**The problem**: Using the material below, return exactly the lines between the one holding "Convert chart to" and the one holding "to latex. <formula><loc_0><loc_0><loc_500><loc_500>1", inclusive, and no others.

**Information**:
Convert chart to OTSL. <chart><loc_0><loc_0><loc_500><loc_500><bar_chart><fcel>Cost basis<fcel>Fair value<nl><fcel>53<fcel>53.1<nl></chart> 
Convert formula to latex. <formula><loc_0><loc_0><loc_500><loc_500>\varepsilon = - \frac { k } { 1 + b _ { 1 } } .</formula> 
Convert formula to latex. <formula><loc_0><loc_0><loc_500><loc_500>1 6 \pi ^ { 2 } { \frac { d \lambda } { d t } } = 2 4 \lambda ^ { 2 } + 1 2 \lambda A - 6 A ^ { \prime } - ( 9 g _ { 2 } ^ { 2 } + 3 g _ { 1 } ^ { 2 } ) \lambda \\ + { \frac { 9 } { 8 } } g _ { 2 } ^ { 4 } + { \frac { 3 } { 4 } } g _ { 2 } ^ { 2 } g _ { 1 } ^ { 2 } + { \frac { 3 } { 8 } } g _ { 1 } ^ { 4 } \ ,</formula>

---

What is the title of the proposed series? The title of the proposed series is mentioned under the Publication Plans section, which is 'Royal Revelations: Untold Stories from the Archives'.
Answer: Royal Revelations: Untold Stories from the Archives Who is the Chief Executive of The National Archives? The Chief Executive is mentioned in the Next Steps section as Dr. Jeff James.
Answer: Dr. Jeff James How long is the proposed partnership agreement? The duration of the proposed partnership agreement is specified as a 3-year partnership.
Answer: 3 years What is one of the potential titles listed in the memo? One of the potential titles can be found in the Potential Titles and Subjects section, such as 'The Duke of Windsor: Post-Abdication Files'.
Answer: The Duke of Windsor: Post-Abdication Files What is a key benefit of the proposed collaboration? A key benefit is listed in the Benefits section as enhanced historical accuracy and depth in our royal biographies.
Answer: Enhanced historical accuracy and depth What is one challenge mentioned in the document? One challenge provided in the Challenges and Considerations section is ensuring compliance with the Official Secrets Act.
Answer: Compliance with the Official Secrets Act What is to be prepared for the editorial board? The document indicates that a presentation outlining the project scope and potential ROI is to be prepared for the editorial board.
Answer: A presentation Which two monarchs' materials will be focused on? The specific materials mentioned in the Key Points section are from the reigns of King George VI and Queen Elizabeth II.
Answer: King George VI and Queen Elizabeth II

**Expected answer**:
Convert chart to OTSL. <chart><loc_0><loc_0><loc_500><loc_500><bar_chart><fcel>Cost basis<fcel>Fair value<nl><fcel>53<fcel>53.1<nl></chart> 
Convert formula to latex. <formula><loc_0><loc_0><loc_500><loc_500>\varepsilon = - \frac { k } { 1 + b _ { 1 } } .</formula> 
Convert formula to latex. <formula><loc_0><loc_0><loc_500><loc_500>1 6 \pi ^ { 2 } { \frac { d \lambda } { d t } } = 2 4 \lambda ^ { 2 } + 1 2 \lambda A - 6 A ^ { \prime } - ( 9 g _ { 2 } ^ { 2 } + 3 g _ { 1 } ^ { 2 } ) \lambda \\ + { \frac { 9 } { 8 } } g _ { 2 } ^ { 4 } + { \frac { 3 } { 4 } } g _ { 2 } ^ { 2 } g _ { 1 } ^ { 2 } + { \frac { 3 } { 8 } } g _ { 1 } ^ { 4 } \ ,</formula>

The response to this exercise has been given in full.